Segment Open

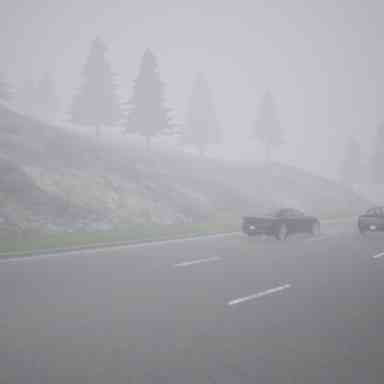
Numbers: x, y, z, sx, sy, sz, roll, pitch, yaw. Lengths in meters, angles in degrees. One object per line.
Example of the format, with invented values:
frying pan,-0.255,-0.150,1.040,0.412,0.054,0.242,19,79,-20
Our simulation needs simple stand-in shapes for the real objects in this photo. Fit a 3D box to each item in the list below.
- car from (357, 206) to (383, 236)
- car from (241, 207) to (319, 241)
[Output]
car,10.510,1.505,17.628,4.902,1.511,2.128,0,0,-42
car,4.649,1.495,17.072,5.008,1.535,1.882,0,0,-42
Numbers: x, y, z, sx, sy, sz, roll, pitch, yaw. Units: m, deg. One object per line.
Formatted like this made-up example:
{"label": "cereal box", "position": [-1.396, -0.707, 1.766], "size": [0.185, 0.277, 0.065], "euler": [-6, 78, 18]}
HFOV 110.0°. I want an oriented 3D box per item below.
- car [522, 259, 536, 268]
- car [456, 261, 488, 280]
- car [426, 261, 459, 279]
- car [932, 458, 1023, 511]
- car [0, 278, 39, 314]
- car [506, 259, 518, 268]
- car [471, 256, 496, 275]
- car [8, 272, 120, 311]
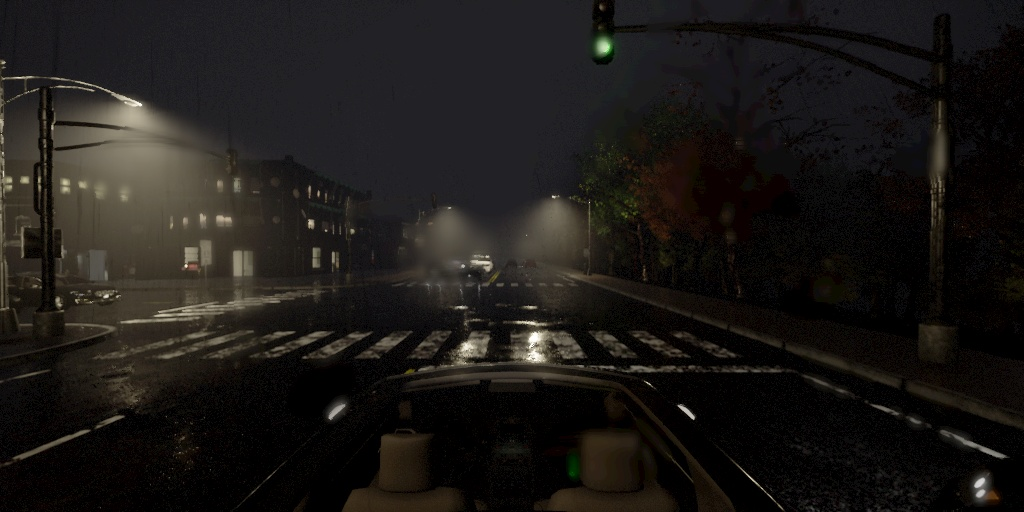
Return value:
{"label": "car", "position": [3.226, 1.313, 63.159], "size": [1.882, 1.535, 5.008], "euler": [0, 0, 0]}
{"label": "car", "position": [-3.412, 1.395, 31.615], "size": [1.895, 1.301, 4.718], "euler": [0, 0, 0]}
{"label": "car", "position": [-6.666, 1.288, 33.535], "size": [2.128, 1.511, 4.902], "euler": [0, 0, 0]}
{"label": "car", "position": [3.355, 1.312, 0.226], "size": [1.994, 1.385, 4.181], "euler": [0, 0, 0]}
{"label": "car", "position": [-19.969, 1.585, 12.467], "size": [4.313, 1.339, 1.948], "euler": [0, 0, 0]}
{"label": "car", "position": [-0.026, 1.314, 63.740], "size": [1.882, 1.535, 5.008], "euler": [0, 0, 0]}
{"label": "car", "position": [-3.429, 1.029, 41.378], "size": [2.150, 2.045, 5.566], "euler": [0, 0, 0]}
{"label": "car", "position": [-19.618, 1.497, 15.175], "size": [4.892, 1.490, 1.837], "euler": [-1, 0, 0]}

Segment Closed

(Assignment):
Faithful copy, images left out: write out every line of data.

(Task solution):
Numbers: x, y, z, sx, sy, sz, roll, pitch, yaw. Lengths in meters, angles in degrees. One object per line.
Example of the format, with invented values:
frying pan,-0.255,-0.150,1.040,0.412,0.054,0.242,19,79,-20
Our simulation needs simple stand-in shapes for the real objects in this photo. Fit a 3D box to each item in the list below.
- car from (357, 206) to (383, 236)
- car from (241, 207) to (319, 241)
[Output]
car,10.510,1.505,17.628,4.902,1.511,2.128,0,0,-42
car,4.649,1.495,17.072,5.008,1.535,1.882,0,0,-42
Numbers: x, y, z, sx, sy, sz, roll, pitch, yaw. Units: m, deg. One object per line.
Formatted like this made-up example:
{"label": "cereal box", "position": [-1.396, -0.707, 1.766], "size": [0.185, 0.277, 0.065], "euler": [-6, 78, 18]}
HFOV 110.0°. I want an oriented 3D box per item below.
- car [522, 259, 536, 268]
- car [456, 261, 488, 280]
- car [426, 261, 459, 279]
- car [932, 458, 1023, 511]
- car [0, 278, 39, 314]
- car [506, 259, 518, 268]
- car [471, 256, 496, 275]
- car [8, 272, 120, 311]
Return value:
{"label": "car", "position": [3.226, 1.313, 63.159], "size": [1.882, 1.535, 5.008], "euler": [0, 0, 0]}
{"label": "car", "position": [-3.412, 1.395, 31.615], "size": [1.895, 1.301, 4.718], "euler": [0, 0, 0]}
{"label": "car", "position": [-6.666, 1.288, 33.535], "size": [2.128, 1.511, 4.902], "euler": [0, 0, 0]}
{"label": "car", "position": [3.355, 1.312, 0.226], "size": [1.994, 1.385, 4.181], "euler": [0, 0, 0]}
{"label": "car", "position": [-19.969, 1.585, 12.467], "size": [4.313, 1.339, 1.948], "euler": [0, 0, 0]}
{"label": "car", "position": [-0.026, 1.314, 63.740], "size": [1.882, 1.535, 5.008], "euler": [0, 0, 0]}
{"label": "car", "position": [-3.429, 1.029, 41.378], "size": [2.150, 2.045, 5.566], "euler": [0, 0, 0]}
{"label": "car", "position": [-19.618, 1.497, 15.175], "size": [4.892, 1.490, 1.837], "euler": [-1, 0, 0]}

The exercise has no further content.